---------- AVAILABLE DATA

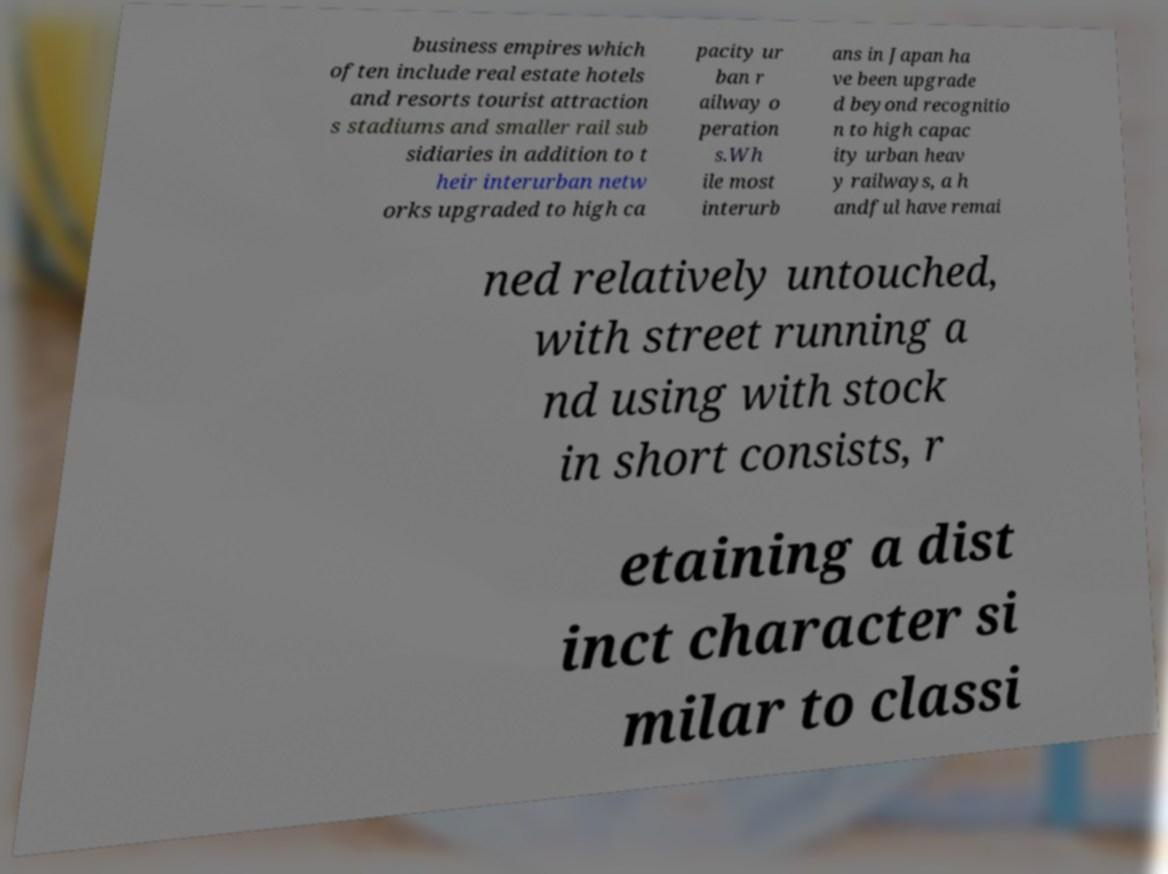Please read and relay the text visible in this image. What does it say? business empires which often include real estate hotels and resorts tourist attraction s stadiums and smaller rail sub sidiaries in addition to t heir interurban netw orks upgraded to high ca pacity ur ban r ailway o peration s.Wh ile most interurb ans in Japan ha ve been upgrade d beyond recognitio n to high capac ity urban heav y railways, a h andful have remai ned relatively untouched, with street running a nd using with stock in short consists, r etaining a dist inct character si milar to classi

--------------------
---------- AVAILABLE DATA

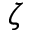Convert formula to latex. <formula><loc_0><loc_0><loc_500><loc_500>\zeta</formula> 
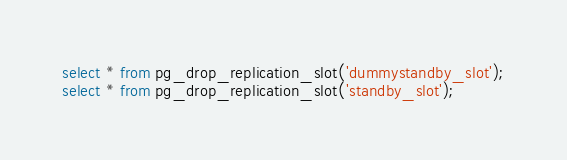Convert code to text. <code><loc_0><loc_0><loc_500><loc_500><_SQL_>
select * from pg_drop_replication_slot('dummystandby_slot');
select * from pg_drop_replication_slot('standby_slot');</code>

--------------------

▸ TASK PROMPT
What is the number of lines in the listing above that hold "from"? Respond with that number and nothing else.

▸ ANSWER BOX
2